Prevention of recurrence of cystitis
- Frequent urination;
- Drinking regime - 1. 5 liters or more per day. It helps remove bacteria from the bladder.
- Proper daily hygiene of the perineal area without the use of irritants;
- Hygienic shower for all partners before and after sex. Women are advised to urinate immediately after intercourse;
- Avoid hypothermia of the legs and the body as a whole;
- Taking cranberry juice or fruit drink, but according to recent data, this method is not very effective.
- Do not use deodorants, aerosols and cosmetics in the perineal area, as they can irritate the urethra;
- Do not use toilet paper to dry the external genitalia.
In case of symptoms of cystitis, we recommend to consult a doctor to choose the right treatment that will minimize the risk of recurrence.

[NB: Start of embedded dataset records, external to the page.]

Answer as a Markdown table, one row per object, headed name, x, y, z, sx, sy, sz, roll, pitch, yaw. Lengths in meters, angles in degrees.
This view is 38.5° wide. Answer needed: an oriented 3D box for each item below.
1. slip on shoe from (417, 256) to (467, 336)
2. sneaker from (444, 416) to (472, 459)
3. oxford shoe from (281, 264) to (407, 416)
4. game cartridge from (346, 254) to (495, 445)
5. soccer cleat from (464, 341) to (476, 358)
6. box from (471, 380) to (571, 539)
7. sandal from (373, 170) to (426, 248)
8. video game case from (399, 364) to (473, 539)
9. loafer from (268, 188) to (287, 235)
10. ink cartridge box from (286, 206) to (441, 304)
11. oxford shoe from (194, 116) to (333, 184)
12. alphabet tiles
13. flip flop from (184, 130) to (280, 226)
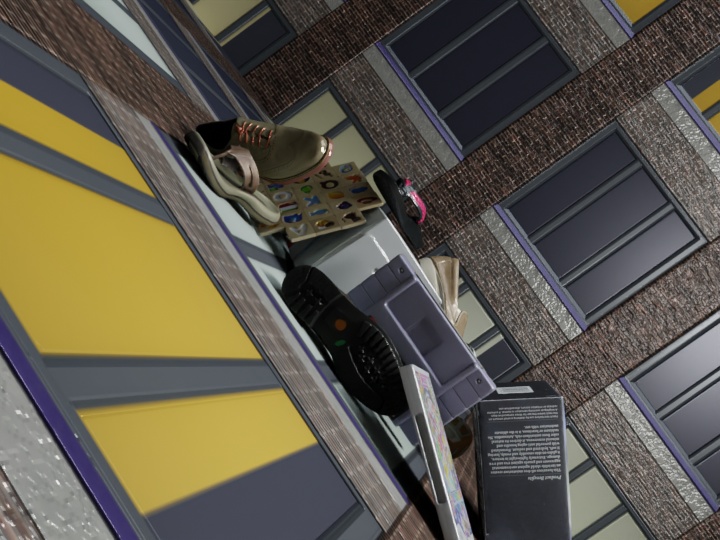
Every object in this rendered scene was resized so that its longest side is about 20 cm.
| name | x | y | z | sx | sy | sz | roll | pitch | yaw |
| --- | --- | --- | --- | --- | --- | --- | --- | --- | --- |
| slip on shoe | 0.127 | 0.074 | 1.487 | 0.076 | 0.060 | 0.201 | 97 | -16 | -68 |
| sneaker | 0.078 | 0.185 | 1.474 | 0.200 | 0.076 | 0.088 | 58 | -12 | -22 |
| oxford shoe | -0.009 | 0.077 | 1.185 | 0.200 | 0.073 | 0.084 | 55 | 1 | 4 |
| game cartridge | 0.056 | 0.098 | 1.263 | 0.200 | 0.129 | 0.038 | 55 | 8 | 10 |
| soccer cleat | 0.088 | 0.113 | 1.366 | 0.200 | 0.068 | 0.073 | 26 | -37 | 54 |
| box | 0.220 | 0.263 | 1.435 | 0.200 | 0.123 | 0.199 | -12 | 99 | -86 |
| sandal | 0.064 | -0.091 | 1.429 | 0.075 | 0.045 | 0.200 | 60 | 3 | 24 |
| video game case | 0.086 | 0.207 | 1.144 | 0.143 | 0.018 | 0.201 | 42 | 32 | -76 |
| loafer | -0.112 | -0.088 | 1.508 | 0.070 | 0.070 | 0.200 | 18 | -3 | 13 |
| ink cartridge box | 0.000 | 0.000 | 1.410 | 0.146 | 0.144 | 0.200 | 56 | 2 | -16 |
| oxford shoe | -0.127 | -0.155 | 1.293 | 0.199 | 0.071 | 0.075 | 3 | -23 | 34 |
| alphabet tiles | -0.068 | -0.098 | 1.379 | 0.200 | 0.166 | 0.006 | -120 | -161 | -55 |
| flip flop | -0.147 | -0.117 | 1.252 | 0.081 | 0.058 | 0.200 | 57 | 9 | 35 |

Bless you!
Frequently asked questions
In which cases should you immediately consult a doctor?
At the first signs of cystitis, during pregnancy or after the end of the course of treatment, we recommend to consult a doctor immediately if the symptoms return, gross hematuria (blood in the urine). The doctor will talk to you, examine you and decide on the need to prescribe other research and treatment methods, as well as provide information on preventive measures.
How to prepare for a doctor's appointment?
Write down all your symptoms, even if you think they are not related to cystitis. Write down your current medical condition and any medications and supplements you are taking. Think about what might herald the onset of symptoms (hypothermia, sexual intercourse, etc. ). Do not forget to write down all the questions to the doctor so that you do not forget to ask them and discuss all the points that concern you.
In what cases is hospitalization indicated?
Urgent hospitalization in an emergency hospital is indicated:
- when signs of inflammation of the kidneys (acute pyelonephritis) appear, namely: back or side pain, fever above 38 ° C and chills, nausea and vomiting;
- if blood appears in the urine (gross hematuria), but there are no signs of cystitis;
- deterioration of the condition against the background of ongoing therapy (severe pain syndrome, persistent persistent hyperthermia).